Though the entries hold pictures, only their text should be duplicated, exactly and in full.

[Data excerpts]
▼

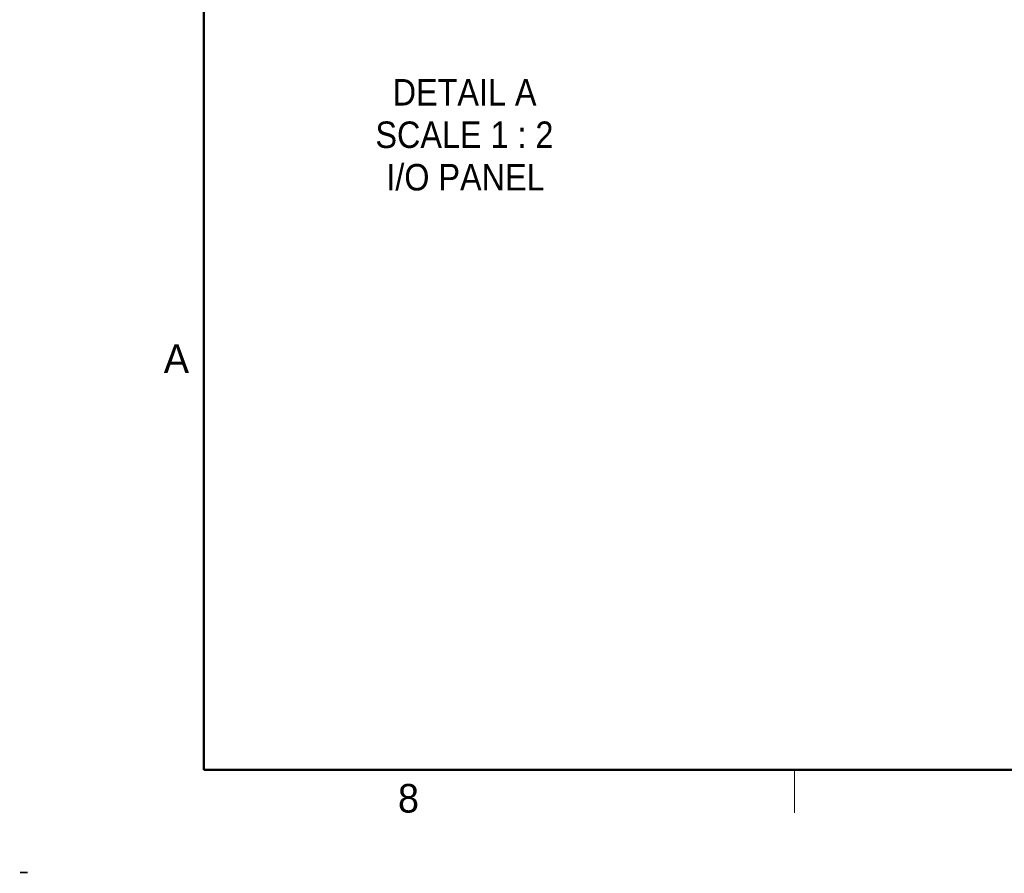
# Model space of a CAD drawing. Header units: millimetres. Extents: x 0 to 844, y -2 to 552.
# Tile 1 of 151: x 0 to 137, y -2 to 118. Entities that reach past the tile are written whole.
import ezdxf

# ---------------------------------------------------------------- set-up
doc = ezdxf.new("R2010")
doc.units = ezdxf.units.MM
for name, color, linetype in [('REV1', 7, 'Continuous'), ('REV2', 7, 'Continuous'), ('REV3', 7, 'Continuous'), ('REV4', 7, 'Continuous'), ('REV5', 7, 'Continuous'), ('REV6', 7, 'Continuous')]:
    doc.layers.add(name, color=color, linetype=linetype)
doc.styles.add('SLDTEXTSTYLE0', font='GOTHIC.TTF', dxfattribs={"width": 0.913})
doc.styles.add('SLDTEXTSTYLE1', font='ARIAL.TTF', dxfattribs={"width": 0.948})

# ---------------------------------------------------------------- blocks, each defined once
blk = doc.blocks.new('SW_NOTE_0_16')
at = {"color": 0, "linetype": 'Continuous', "lineweight": 0, "attachment_point": 2, "style": 'SLDTEXTSTYLE0'}
for s, insert, char_height in [('DETAIL A', (9.95, 4.73), 3.704), ('SCALE 1 : 2', (9.93, -1.21), 3.7042), ('I/O PANEL', (10.07, -7.15), 3.704)]:
    blk.add_mtext(s, dxfattribs=dict(at, insert=insert, char_height=char_height))

msp = doc.modelspace()

# ---------------------------------------------------------------- linework, layer by layer
at = {"color": 7, "linetype": 'Continuous', "lineweight": 50}
for p, q in [((25.4, 546.1), (25.4, 12.7)), ((25.4, 12.7), (838.2, 12.7))]:
    msp.add_line(p, q, dxfattribs=at)
at = {"color": 7, "linetype": 'Continuous', "lineweight": 18}
msp.add_line((107.95, 12.7), (107.95, 6.7), dxfattribs=at)

# ---------------------------------------------------------------- block references
at = {"color": 7, "linetype": 'Continuous', "lineweight": 0}
msp.add_blockref('SW_NOTE_0_16', (51.895, 104.606), dxfattribs=at)

# ---------------------------------------------------------------- texts
at = {"color": 7, "linetype": 'Continuous', "lineweight": 0, "char_height": 4, "attachment_point": 2, "style": 'SLDTEXTSTYLE1'}
for s, insert in [('A', (21.553, 72.224)), ('8', (53.998, 10.743))]:
    msp.add_mtext(s, dxfattribs=dict(at, insert=insert))
at = {"layer": 'REV1', "char_height": 2, "style": 'SLDTEXTSTYLE1'}
for insert, attachment_point in [((-0.009, -0.422), 2), ((-0.009, -0.422), 2), ((-0.009, -0.422), 2), ((-0.009, -0.422), 2), ((0, -0.422), 1)]:
    msp.add_mtext('-', dxfattribs=dict(at, insert=insert, attachment_point=attachment_point))
at = {"layer": 'REV2', "char_height": 2, "style": 'SLDTEXTSTYLE1'}
for insert, attachment_point in [((-0.009, -0.422), 2), ((-0.009, -0.422), 2), ((-0.009, -0.422), 2), ((-0.009, -0.422), 2), ((-0.009, -0.422), 2), ((0, -0.422), 1)]:
    msp.add_mtext('-', dxfattribs=dict(at, insert=insert, attachment_point=attachment_point))
at = {"layer": 'REV3', "char_height": 2, "style": 'SLDTEXTSTYLE1'}
for insert, attachment_point in [((-0.009, -0.422), 2), ((-0.009, -0.422), 2), ((-0.009, -0.422), 2), ((-0.009, -0.422), 2), ((-0.009, -0.422), 2), ((0, -0.422), 1)]:
    msp.add_mtext('-', dxfattribs=dict(at, insert=insert, attachment_point=attachment_point))
at = {"layer": 'REV4', "char_height": 2, "style": 'SLDTEXTSTYLE1'}
for insert, attachment_point in [((-0.009, -0.422), 2), ((-0.009, -0.422), 2), ((-0.009, -0.422), 2), ((-0.009, -0.422), 2), ((-0.009, -0.422), 2), ((0, -0.422), 1)]:
    msp.add_mtext('-', dxfattribs=dict(at, insert=insert, attachment_point=attachment_point))
at = {"layer": 'REV5', "char_height": 2, "style": 'SLDTEXTSTYLE1'}
for insert, attachment_point in [((-0.009, -0.422), 2), ((-0.009, -0.422), 2), ((-0.009, -0.422), 2), ((-0.009, -0.422), 2), ((-0.009, -0.422), 2), ((0, -0.422), 1)]:
    msp.add_mtext('-', dxfattribs=dict(at, insert=insert, attachment_point=attachment_point))
at = {"layer": 'REV6', "char_height": 2, "style": 'SLDTEXTSTYLE1'}
for insert, attachment_point in [((-0.009, -0.422), 2), ((-0.009, -0.422), 2), ((-0.009, -0.422), 2), ((-0.009, -0.422), 2), ((-0.009, -0.422), 2), ((0, -0.422), 1)]:
    msp.add_mtext('-', dxfattribs=dict(at, insert=insert, attachment_point=attachment_point))

doc.saveas('drawing.dxf')

▲

[Your solution]
# Model space of a CAD drawing. Header units: millimetres. Extents: x 0 to 844, y -2 to 552.
# Tile 1 of 151: x 0 to 137, y -2 to 118. Entities that reach past the tile are written whole.
import ezdxf

# ---------------------------------------------------------------- set-up
doc = ezdxf.new("R2010")
doc.units = ezdxf.units.MM
for name, color, linetype in [('REV1', 7, 'Continuous'), ('REV2', 7, 'Continuous'), ('REV3', 7, 'Continuous'), ('REV4', 7, 'Continuous'), ('REV5', 7, 'Continuous'), ('REV6', 7, 'Continuous')]:
    doc.layers.add(name, color=color, linetype=linetype)
doc.styles.add('SLDTEXTSTYLE0', font='GOTHIC.TTF', dxfattribs={"width": 0.913})
doc.styles.add('SLDTEXTSTYLE1', font='ARIAL.TTF', dxfattribs={"width": 0.948})

# ---------------------------------------------------------------- blocks, each defined once
blk = doc.blocks.new('SW_NOTE_0_16')
at = {"color": 0, "linetype": 'Continuous', "lineweight": 0, "attachment_point": 2, "style": 'SLDTEXTSTYLE0'}
for s, insert, char_height in [('DETAIL A', (9.95, 4.73), 3.704), ('SCALE 1 : 2', (9.93, -1.21), 3.7042), ('I/O PANEL', (10.07, -7.15), 3.704)]:
    blk.add_mtext(s, dxfattribs=dict(at, insert=insert, char_height=char_height))

msp = doc.modelspace()

# ---------------------------------------------------------------- linework, layer by layer
at = {"color": 7, "linetype": 'Continuous', "lineweight": 50}
for p, q in [((25.4, 546.1), (25.4, 12.7)), ((25.4, 12.7), (838.2, 12.7))]:
    msp.add_line(p, q, dxfattribs=at)
at = {"color": 7, "linetype": 'Continuous', "lineweight": 18}
msp.add_line((107.95, 12.7), (107.95, 6.7), dxfattribs=at)

# ---------------------------------------------------------------- block references
at = {"color": 7, "linetype": 'Continuous', "lineweight": 0}
msp.add_blockref('SW_NOTE_0_16', (51.895, 104.606), dxfattribs=at)

# ---------------------------------------------------------------- texts
at = {"color": 7, "linetype": 'Continuous', "lineweight": 0, "char_height": 4, "attachment_point": 2, "style": 'SLDTEXTSTYLE1'}
for s, insert in [('A', (21.553, 72.224)), ('8', (53.998, 10.743))]:
    msp.add_mtext(s, dxfattribs=dict(at, insert=insert))
at = {"layer": 'REV1', "char_height": 2, "style": 'SLDTEXTSTYLE1'}
for insert, attachment_point in [((-0.009, -0.422), 2), ((-0.009, -0.422), 2), ((-0.009, -0.422), 2), ((-0.009, -0.422), 2), ((0, -0.422), 1)]:
    msp.add_mtext('-', dxfattribs=dict(at, insert=insert, attachment_point=attachment_point))
at = {"layer": 'REV2', "char_height": 2, "style": 'SLDTEXTSTYLE1'}
for insert, attachment_point in [((-0.009, -0.422), 2), ((-0.009, -0.422), 2), ((-0.009, -0.422), 2), ((-0.009, -0.422), 2), ((-0.009, -0.422), 2), ((0, -0.422), 1)]:
    msp.add_mtext('-', dxfattribs=dict(at, insert=insert, attachment_point=attachment_point))
at = {"layer": 'REV3', "char_height": 2, "style": 'SLDTEXTSTYLE1'}
for insert, attachment_point in [((-0.009, -0.422), 2), ((-0.009, -0.422), 2), ((-0.009, -0.422), 2), ((-0.009, -0.422), 2), ((-0.009, -0.422), 2), ((0, -0.422), 1)]:
    msp.add_mtext('-', dxfattribs=dict(at, insert=insert, attachment_point=attachment_point))
at = {"layer": 'REV4', "char_height": 2, "style": 'SLDTEXTSTYLE1'}
for insert, attachment_point in [((-0.009, -0.422), 2), ((-0.009, -0.422), 2), ((-0.009, -0.422), 2), ((-0.009, -0.422), 2), ((-0.009, -0.422), 2), ((0, -0.422), 1)]:
    msp.add_mtext('-', dxfattribs=dict(at, insert=insert, attachment_point=attachment_point))
at = {"layer": 'REV5', "char_height": 2, "style": 'SLDTEXTSTYLE1'}
for insert, attachment_point in [((-0.009, -0.422), 2), ((-0.009, -0.422), 2), ((-0.009, -0.422), 2), ((-0.009, -0.422), 2), ((-0.009, -0.422), 2), ((0, -0.422), 1)]:
    msp.add_mtext('-', dxfattribs=dict(at, insert=insert, attachment_point=attachment_point))
at = {"layer": 'REV6', "char_height": 2, "style": 'SLDTEXTSTYLE1'}
for insert, attachment_point in [((-0.009, -0.422), 2), ((-0.009, -0.422), 2), ((-0.009, -0.422), 2), ((-0.009, -0.422), 2), ((-0.009, -0.422), 2), ((0, -0.422), 1)]:
    msp.add_mtext('-', dxfattribs=dict(at, insert=insert, attachment_point=attachment_point))

doc.saveas('drawing.dxf')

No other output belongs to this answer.